Recent rulings by the majority of Supreme Court Justices – all but one of whom were appointed by a President who lost the popular vote – have made the Voting Rights Act essentially useless. These developments are not surprising given the ideological priorities of the Supreme Court majority, which is led by the Chief Justice who has worked for decades to dismantle the Voting Rights Act. At a time when the Republican Party and its electoral candidates face widespread and escalating criticism for the current Federal regime’s policies and actions, recent rulings by the Supreme Court majority have enabled Republican officials in multiple States to change voting districts in the midst of election primaries to favor preferred electoral candidates – reducing people of color’s representation in Congress in the process. In this context, it warrants emphasizing that the Voting Rights Act was one of the most significant civil rights and civil liberties laws, and Congress adopted it to remedy many decades of race discrimination across the country and to prevent such discrimination in the future.

In Louisiana v. Callais, the Supreme Court majority ruled that action under the Voting Rights Act, which created a second majority Black voting district in Louisiana as a remedy for race discrimination in voting rights, was itself somehow illegally discriminatory. In response to Callais, the Governor of Louisiana alleged that the State now faces a supposed emergency and stopped the ongoing primary election process in its tracks so the voting districts can be redrawn. Tellingly, no Louisiana Governor ever previously suspended an election process because of an emergency – even during the COVID-19 global pandemic that forced a national shutdown and killed many millions of people. More to the point, Louisiana is using the purported emergency to impose new voting districts so that there may cease to be any majority Black districts in a State with a large Black population.

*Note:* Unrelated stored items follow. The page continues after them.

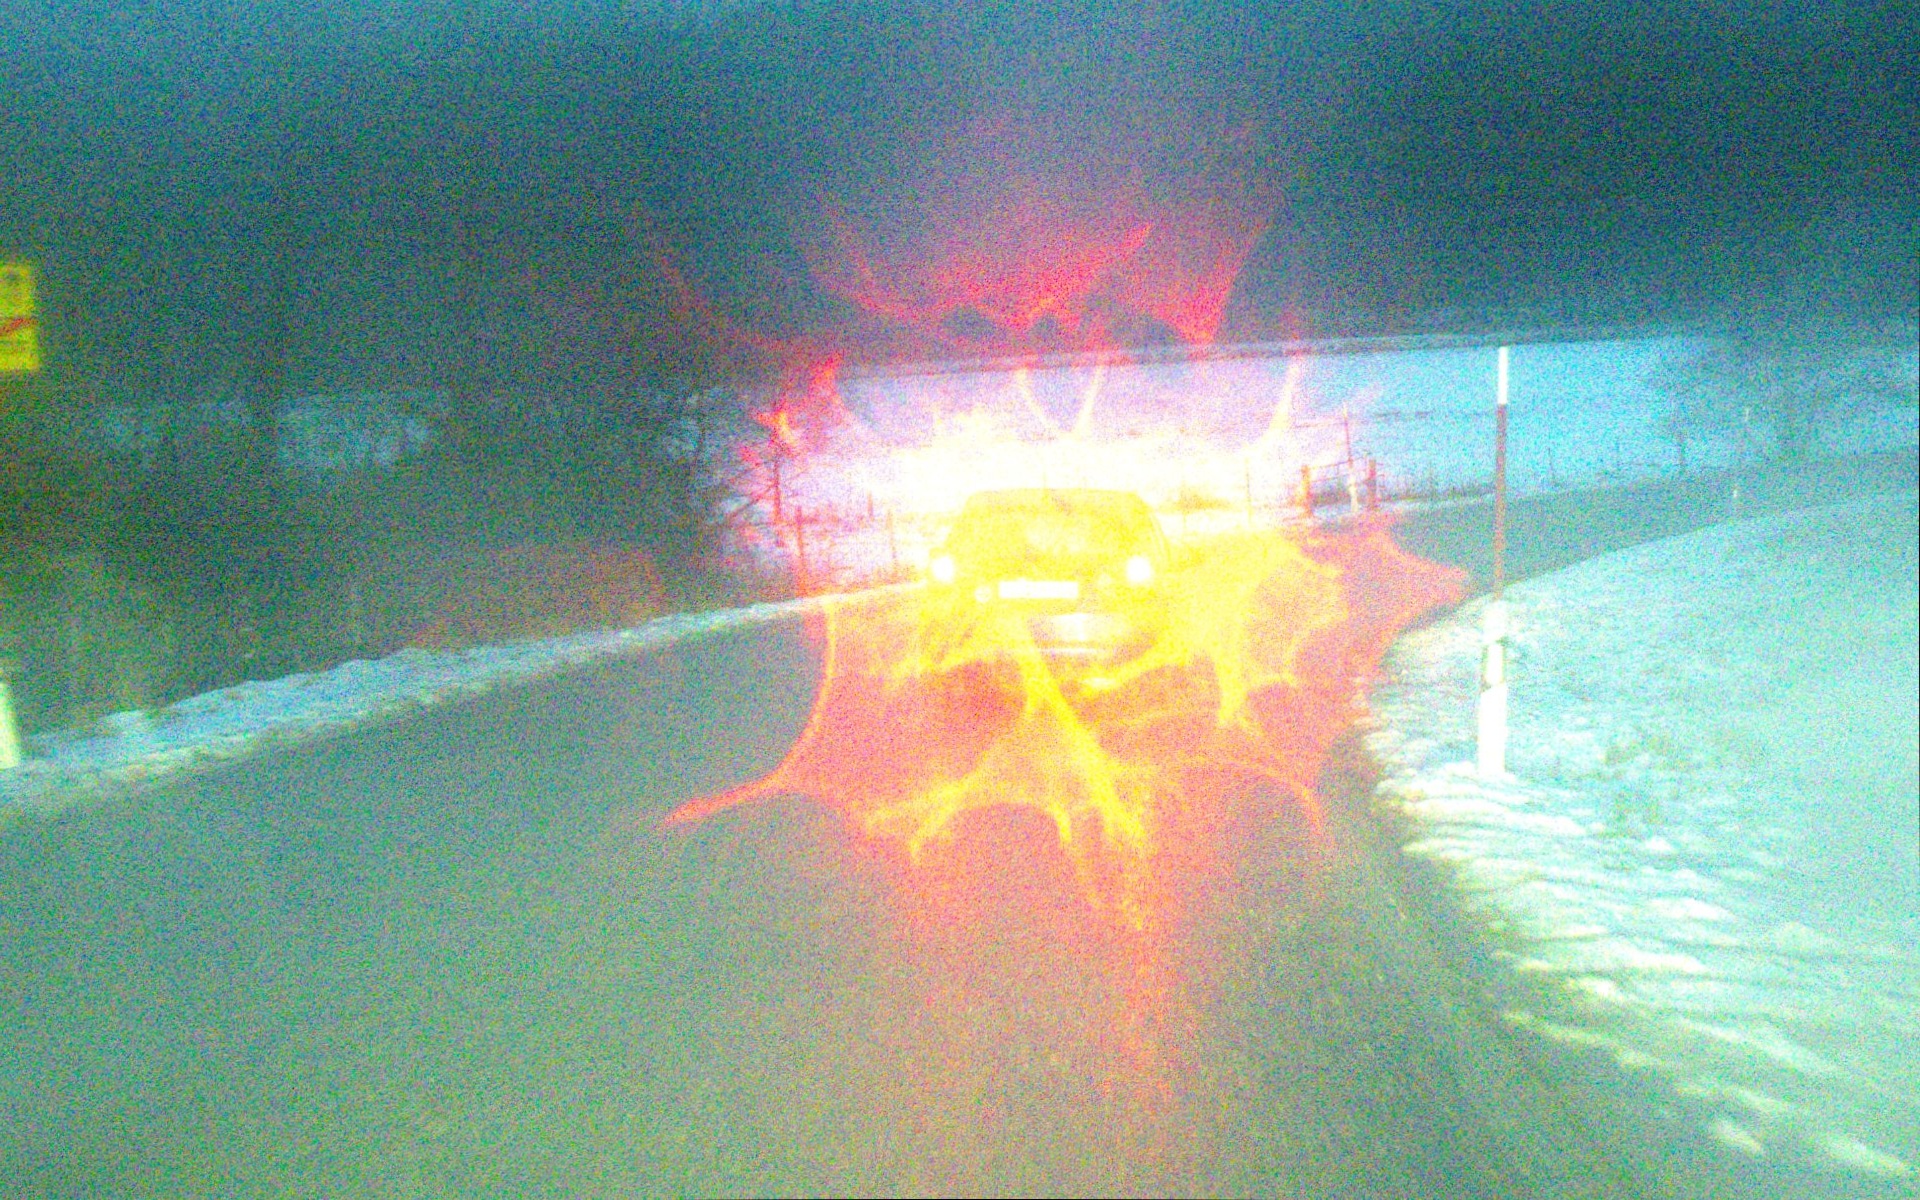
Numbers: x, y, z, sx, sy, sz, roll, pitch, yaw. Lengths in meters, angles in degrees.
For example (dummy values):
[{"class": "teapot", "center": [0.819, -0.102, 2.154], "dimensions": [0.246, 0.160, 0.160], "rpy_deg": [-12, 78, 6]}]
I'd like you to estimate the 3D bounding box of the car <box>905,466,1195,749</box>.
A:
[{"class": "car", "center": [0.555, 0.007, 24.066], "dimensions": [1.822, 1.790, 3.578], "rpy_deg": [-1, 1, -1]}]

Relatedly, in Allen v. Caster, the Supreme Court majority reversed the order by the lower court that Alabama must use voting districts drawn to remedy race discrimination in voting rights. Specifically, the Supreme Court majority ruled in Allen that Alabama can eliminate at least one of only two majority Black voting districts in the State that also has a large Black population. The opinion in Allen is especially shocking because, only three years ago, the Supreme Court previously determined that Alabama’s voting district map was racially discriminatory. Given the ideological motivations of the Supreme Court majority, however, the outcome in Allen unfortunately is not surprising.

In both Callais and Allen, the Supreme Court majority rationalized its judicial activism by declaring that the law only prohibits explicitly and intentionally racist gerrymandering of voting districts – a nearly impossible evidentiary hurdle to overcome as a practical matter. Given the racially driven gerrymandering now happening in Louisiana, Alabama, Tennessee, and other States that formed the Southern Confederacy, people of all racial identities committed to basic fairness and the rule of law are organizing and mobilizing on a broad-based scale to defend democracy.